Problem to solve: Please return the data word for word and leave out any picture it contains.

Excerpted data:
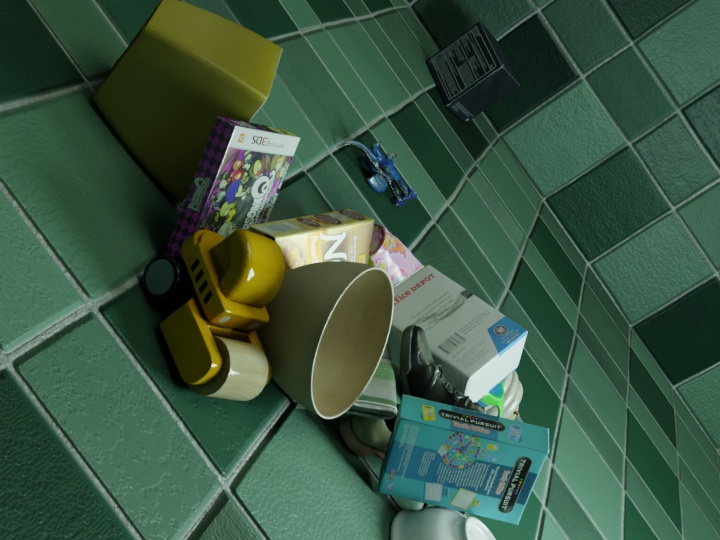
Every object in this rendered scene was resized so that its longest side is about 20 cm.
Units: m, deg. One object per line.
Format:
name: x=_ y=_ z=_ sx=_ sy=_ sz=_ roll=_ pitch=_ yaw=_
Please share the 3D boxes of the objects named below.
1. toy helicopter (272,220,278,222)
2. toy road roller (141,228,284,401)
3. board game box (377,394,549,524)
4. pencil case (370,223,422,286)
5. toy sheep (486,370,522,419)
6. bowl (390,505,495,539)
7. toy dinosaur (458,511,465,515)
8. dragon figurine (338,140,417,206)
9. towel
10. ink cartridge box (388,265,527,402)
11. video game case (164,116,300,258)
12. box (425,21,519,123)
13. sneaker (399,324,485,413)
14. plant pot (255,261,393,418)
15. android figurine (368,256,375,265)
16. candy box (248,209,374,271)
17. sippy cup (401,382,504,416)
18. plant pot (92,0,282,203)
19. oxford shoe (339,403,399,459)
toy helicopter: x=-0.071 y=-0.020 z=1.751 sx=0.132 sy=0.079 sz=0.200 roll=52 pitch=8 yaw=16
toy road roller: x=-0.153 y=0.041 z=1.335 sx=0.123 sy=0.146 sz=0.201 roll=19 pitch=42 yaw=-58
board game box: x=0.135 y=0.255 z=1.510 sx=0.199 sy=0.151 sz=0.047 roll=13 pitch=38 yaw=-1
pencil case: x=0.068 y=0.005 z=1.986 sx=0.200 sy=0.087 sz=0.088 roll=42 pitch=24 yaw=-35
toy sheep: x=0.200 y=0.193 z=1.920 sx=0.200 sy=0.138 sz=0.138 roll=45 pitch=23 yaw=-27
bowl: x=0.135 y=0.398 z=1.528 sx=0.201 sy=0.090 sz=0.201 roll=47 pitch=22 yaw=-26
toy dinosaur: x=0.144 y=0.286 z=1.613 sx=0.077 sy=0.200 sz=0.102 roll=-33 pitch=78 yaw=-37
dragon figurine: x=0.043 y=-0.199 z=2.264 sx=0.200 sy=0.059 sz=0.100 roll=33 pitch=30 yaw=-50
towel: x=-0.028 y=0.125 z=1.569 sx=0.149 sy=0.031 sz=0.200 roll=12 pitch=34 yaw=-13
ink cartridge box: x=0.125 y=0.099 z=1.695 sx=0.200 sy=0.084 sz=0.144 roll=35 pitch=49 yaw=27
video game case: x=-0.165 y=-0.094 z=1.462 sx=0.036 sy=0.201 sz=0.181 roll=27 pitch=11 yaw=21
box: x=0.325 y=-0.572 z=3.264 sx=0.123 sy=0.198 sz=0.201 roll=31 pitch=32 yaw=-48
sneaker: x=0.118 y=0.169 z=1.578 sx=0.076 sy=0.114 sz=0.200 roll=22 pitch=57 yaw=-70
plant pot: x=-0.063 y=0.071 z=1.442 sx=0.134 sy=0.201 sz=0.200 roll=20 pitch=6 yaw=25
android figurine: x=0.000 y=0.000 z=1.809 sx=0.200 sy=0.041 sz=0.182 roll=57 pitch=-4 yaw=48
candy box: x=-0.072 y=-0.013 z=1.555 sx=0.055 sy=0.116 sz=0.200 roll=25 pitch=25 yaw=37
sippy cup: x=0.140 y=0.180 z=1.808 sx=0.140 sy=0.130 sz=0.178 roll=30 pitch=33 yaw=-53
plant pot: x=-0.243 y=-0.252 z=1.534 sx=0.176 sy=0.200 sz=0.200 roll=36 pitch=26 yaw=-16
oxford shoe: x=0.050 y=0.228 z=1.611 sx=0.200 sy=0.074 sz=0.071 roll=14 pitch=46 yaw=-61

Completed exercise:
Every object in this rendered scene was resized so that its longest side is about 20 cm.
Units: m, deg. One object per line.
Format:
name: x=_ y=_ z=_ sx=_ sy=_ sz=_ roll=_ pitch=_ yaw=_
Please share the 3D boxes of the objects named below.
1. toy helicopter (272,220,278,222)
2. toy road roller (141,228,284,401)
3. board game box (377,394,549,524)
4. pencil case (370,223,422,286)
5. toy sheep (486,370,522,419)
6. bowl (390,505,495,539)
7. toy dinosaur (458,511,465,515)
8. dragon figurine (338,140,417,206)
9. towel
10. ink cartridge box (388,265,527,402)
11. video game case (164,116,300,258)
12. box (425,21,519,123)
13. sneaker (399,324,485,413)
14. plant pot (255,261,393,418)
15. android figurine (368,256,375,265)
16. candy box (248,209,374,271)
17. sippy cup (401,382,504,416)
18. plant pot (92,0,282,203)
19. oxford shoe (339,403,399,459)
toy helicopter: x=-0.071 y=-0.020 z=1.751 sx=0.132 sy=0.079 sz=0.200 roll=52 pitch=8 yaw=16
toy road roller: x=-0.153 y=0.041 z=1.335 sx=0.123 sy=0.146 sz=0.201 roll=19 pitch=42 yaw=-58
board game box: x=0.135 y=0.255 z=1.510 sx=0.199 sy=0.151 sz=0.047 roll=13 pitch=38 yaw=-1
pencil case: x=0.068 y=0.005 z=1.986 sx=0.200 sy=0.087 sz=0.088 roll=42 pitch=24 yaw=-35
toy sheep: x=0.200 y=0.193 z=1.920 sx=0.200 sy=0.138 sz=0.138 roll=45 pitch=23 yaw=-27
bowl: x=0.135 y=0.398 z=1.528 sx=0.201 sy=0.090 sz=0.201 roll=47 pitch=22 yaw=-26
toy dinosaur: x=0.144 y=0.286 z=1.613 sx=0.077 sy=0.200 sz=0.102 roll=-33 pitch=78 yaw=-37
dragon figurine: x=0.043 y=-0.199 z=2.264 sx=0.200 sy=0.059 sz=0.100 roll=33 pitch=30 yaw=-50
towel: x=-0.028 y=0.125 z=1.569 sx=0.149 sy=0.031 sz=0.200 roll=12 pitch=34 yaw=-13
ink cartridge box: x=0.125 y=0.099 z=1.695 sx=0.200 sy=0.084 sz=0.144 roll=35 pitch=49 yaw=27
video game case: x=-0.165 y=-0.094 z=1.462 sx=0.036 sy=0.201 sz=0.181 roll=27 pitch=11 yaw=21
box: x=0.325 y=-0.572 z=3.264 sx=0.123 sy=0.198 sz=0.201 roll=31 pitch=32 yaw=-48
sneaker: x=0.118 y=0.169 z=1.578 sx=0.076 sy=0.114 sz=0.200 roll=22 pitch=57 yaw=-70
plant pot: x=-0.063 y=0.071 z=1.442 sx=0.134 sy=0.201 sz=0.200 roll=20 pitch=6 yaw=25
android figurine: x=0.000 y=0.000 z=1.809 sx=0.200 sy=0.041 sz=0.182 roll=57 pitch=-4 yaw=48
candy box: x=-0.072 y=-0.013 z=1.555 sx=0.055 sy=0.116 sz=0.200 roll=25 pitch=25 yaw=37
sippy cup: x=0.140 y=0.180 z=1.808 sx=0.140 sy=0.130 sz=0.178 roll=30 pitch=33 yaw=-53
plant pot: x=-0.243 y=-0.252 z=1.534 sx=0.176 sy=0.200 sz=0.200 roll=36 pitch=26 yaw=-16
oxford shoe: x=0.050 y=0.228 z=1.611 sx=0.200 sy=0.074 sz=0.071 roll=14 pitch=46 yaw=-61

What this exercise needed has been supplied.